There is undoubtedly a shortage of qualified claims managers in Australia. As demand for Group DII grew as Superannuation Schemes matured, the industry collectively under-invested in training, systems, and staffing. Claims has suffered as a profession relative to underwriting, which has seen significant investment and management attention. The result: claims are under-managed at an early stage, long-term absenteeism has become part of the culture, and the losses are now emerging. There is evidence across the world that early intervention cuts long-term claims and Australia is no different. For some insurers this is still a significant issue and it has been so for at least five years.
Could this happen in the UK?
We do not know. We have certainly not seen data to convince us that we have a problem. However, competition is growing in this market and prices are tightening. These conditions lead to more competition around product design and more strain on claims managers, who have to manage growing books with static or declining resources. So whether or not the time bomb is ticking, insurers active in IP need to ask themselves the following:
- Are our product features the source of moral hazard? Do we have benefits that somehow encourage long-term claims or encourage claims from chronic conditions that become long-term?
- Are our claims practices rigorous and intelligent? Do we have an early intervention programme in place and is that programme working for chronic conditions? Do we have a training programme in place to develop our claims managers?
- Do we understand the experience data? Have we considered how much we have at risk from long-term claims and therefore what intervention programmes or commutation efforts may be worth to us?
- Do we appreciate the risks of guaranteed premiums? Are clients paying enough for this security? Is our product development process sufficiently robust, given how long we have to live with the outcome?

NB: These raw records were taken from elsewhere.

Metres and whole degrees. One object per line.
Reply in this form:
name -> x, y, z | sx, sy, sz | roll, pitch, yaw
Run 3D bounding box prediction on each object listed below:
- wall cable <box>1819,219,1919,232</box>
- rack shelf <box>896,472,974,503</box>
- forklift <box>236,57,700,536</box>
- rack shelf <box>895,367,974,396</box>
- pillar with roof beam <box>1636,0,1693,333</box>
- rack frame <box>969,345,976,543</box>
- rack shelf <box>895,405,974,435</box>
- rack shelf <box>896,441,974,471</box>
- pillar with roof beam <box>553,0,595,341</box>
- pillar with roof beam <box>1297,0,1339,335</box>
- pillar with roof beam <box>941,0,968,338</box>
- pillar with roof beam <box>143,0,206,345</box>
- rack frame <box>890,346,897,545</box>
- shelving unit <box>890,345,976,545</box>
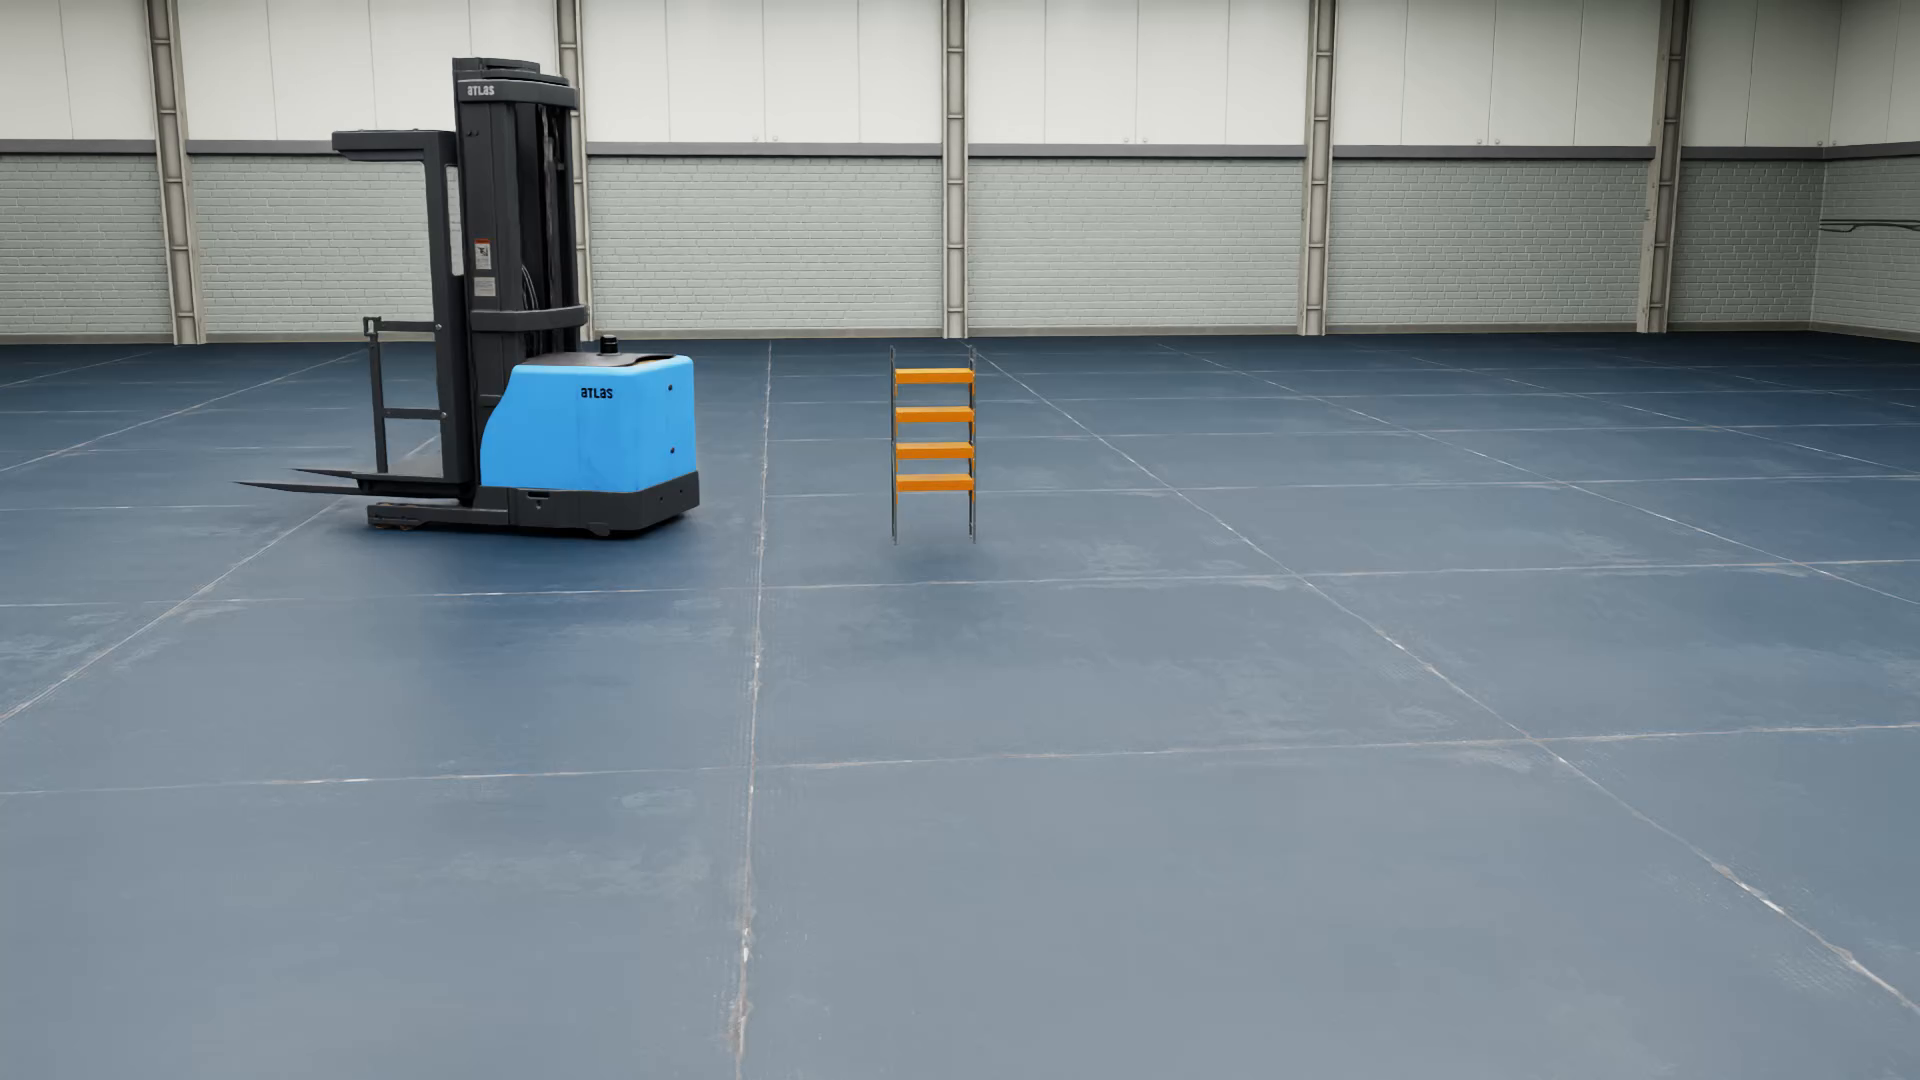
wall cable -> 14.916, -6.265, 26.960 | 0.112, 2.526, 3.097 | -1, 11, -6
rack shelf -> -0.165, -0.324, 10.286 | 0.480, 0.148, 0.258 | -1, 11, -6
forklift -> -3.326, -1.594, 10.877 | 3.031, 2.935, 1.130 | 3, 12, 15
rack shelf -> -0.165, -0.971, 10.159 | 0.480, 0.148, 0.258 | -1, 11, -6
pillar with roof beam -> 12.310, -7.156, 23.439 | 0.400, 9.000, 9.100 | -1, 11, -6
rack frame -> 0.078, -0.590, 10.261 | 0.015, 1.200, 0.240 | -1, 11, -6
rack shelf -> -0.165, -0.739, 10.205 | 0.480, 0.148, 0.258 | -1, 11, -6
rack shelf -> -0.165, -0.519, 10.248 | 0.480, 0.148, 0.258 | -1, 11, -6
pillar with roof beam -> -5.585, -6.781, 21.531 | 0.400, 9.000, 9.100 | -1, 11, -6
pillar with roof beam -> 6.345, -7.031, 22.803 | 0.400, 9.000, 9.100 | -1, 11, -6
pillar with roof beam -> 0.380, -6.906, 22.167 | 0.400, 9.000, 9.100 | -1, 11, -6
pillar with roof beam -> -11.550, -6.656, 20.895 | 0.400, 9.000, 9.100 | -1, 11, -6
rack frame -> -0.407, -0.580, 10.209 | 0.015, 1.200, 0.240 | -1, 11, -6
shelving unit -> -0.165, -0.585, 10.235 | 0.503, 1.200, 0.258 | -1, 11, -6
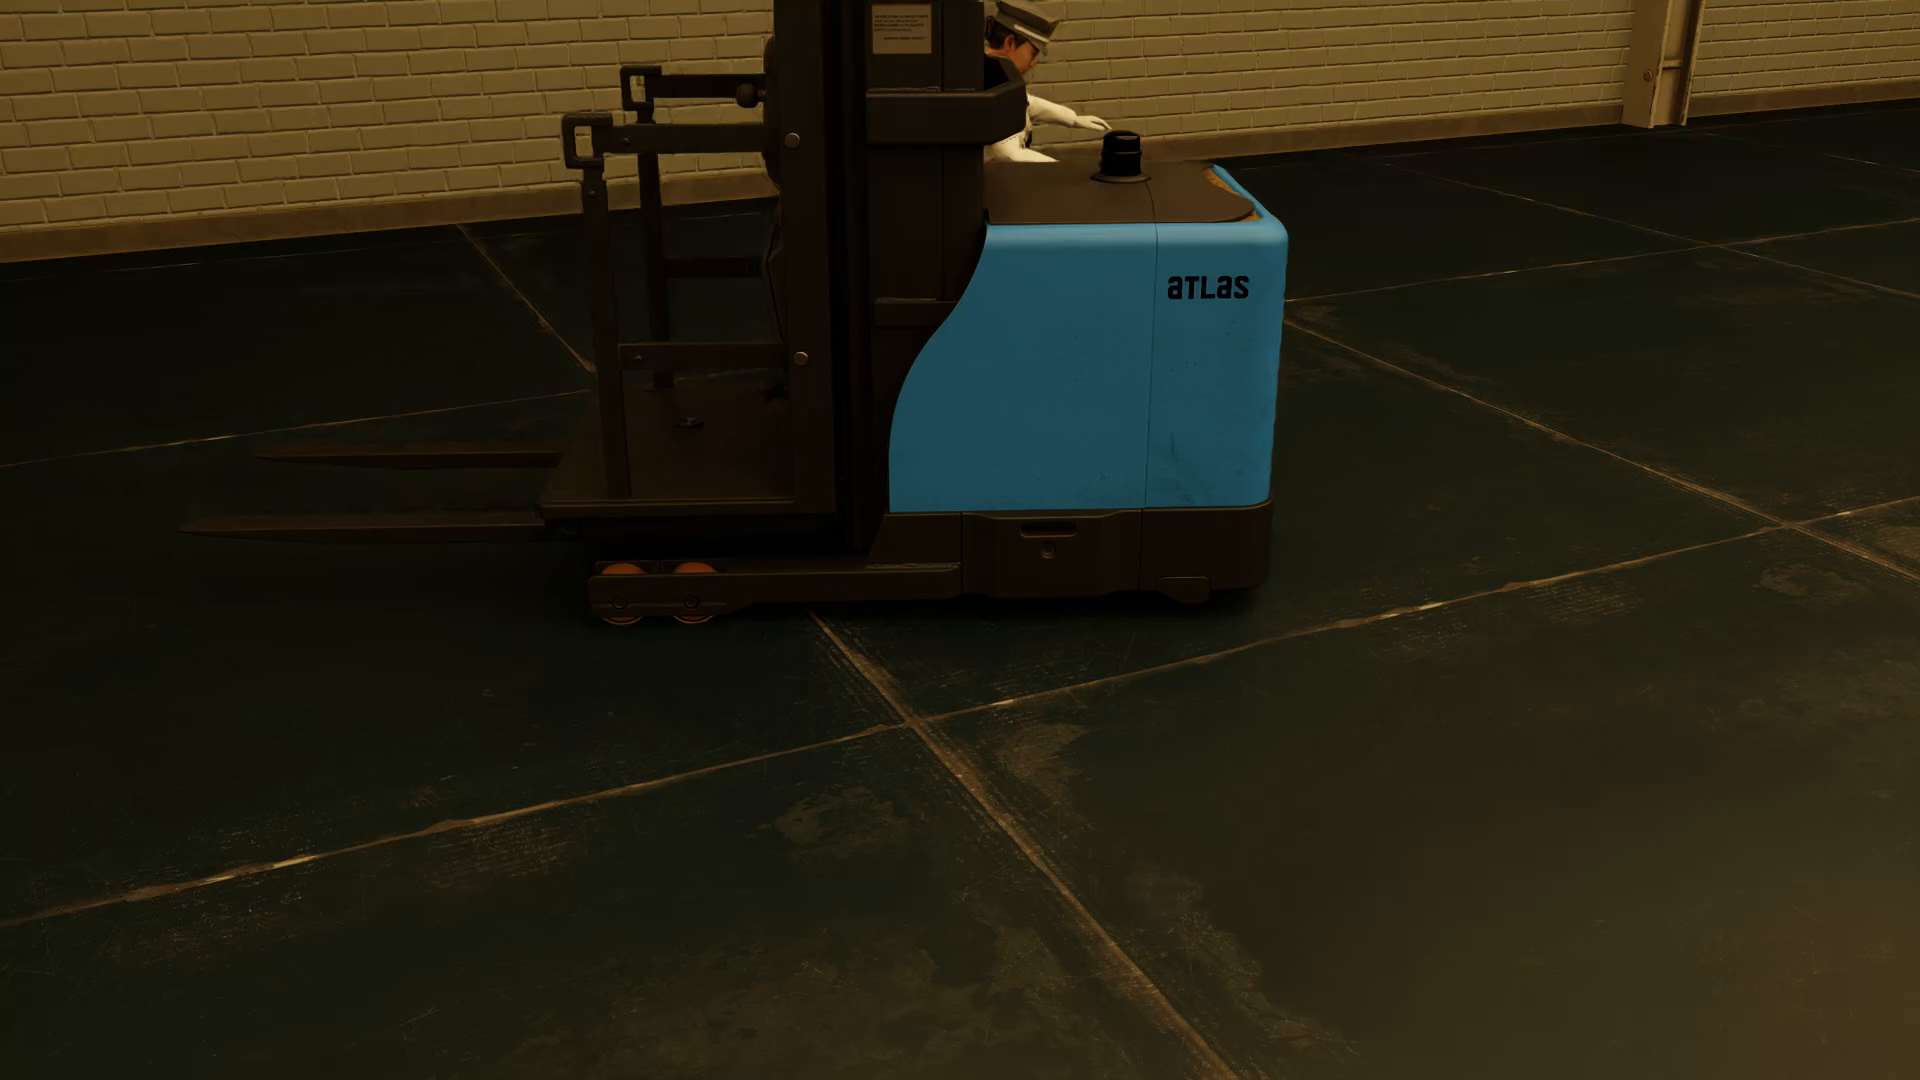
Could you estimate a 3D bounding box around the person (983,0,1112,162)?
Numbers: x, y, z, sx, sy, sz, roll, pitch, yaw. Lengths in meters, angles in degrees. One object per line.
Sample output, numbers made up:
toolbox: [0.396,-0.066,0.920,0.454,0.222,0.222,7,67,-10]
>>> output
person: [0.280,-1.270,6.247,0.790,1.467,1.229,1,23,1]

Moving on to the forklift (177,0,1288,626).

Now would be a good time to act. Though the damage is done in regard to product design, we can at least prevent the next generation of problems.
Finally, in regard to claims management it is never too late. As little as three years ago the large Australian insurer OnePath (ex ING) had significant issues with long-term claims. After a sustained effort to rebuild claims management, they are one of the few insurers that have sailed through the latest experience well. This has taken investment in systems, processes, and above all skills, but there is no doubt it has been worth it. As the Head of Retail Insurance at OnePath, Gerard Kerr, puts it: "Ongoing investment in your claims people and supporting capabilities is core to your success. Just because you are ahead you can't get complacent". Perhaps that's the lesson the UK market needs to learn from the Australian experience.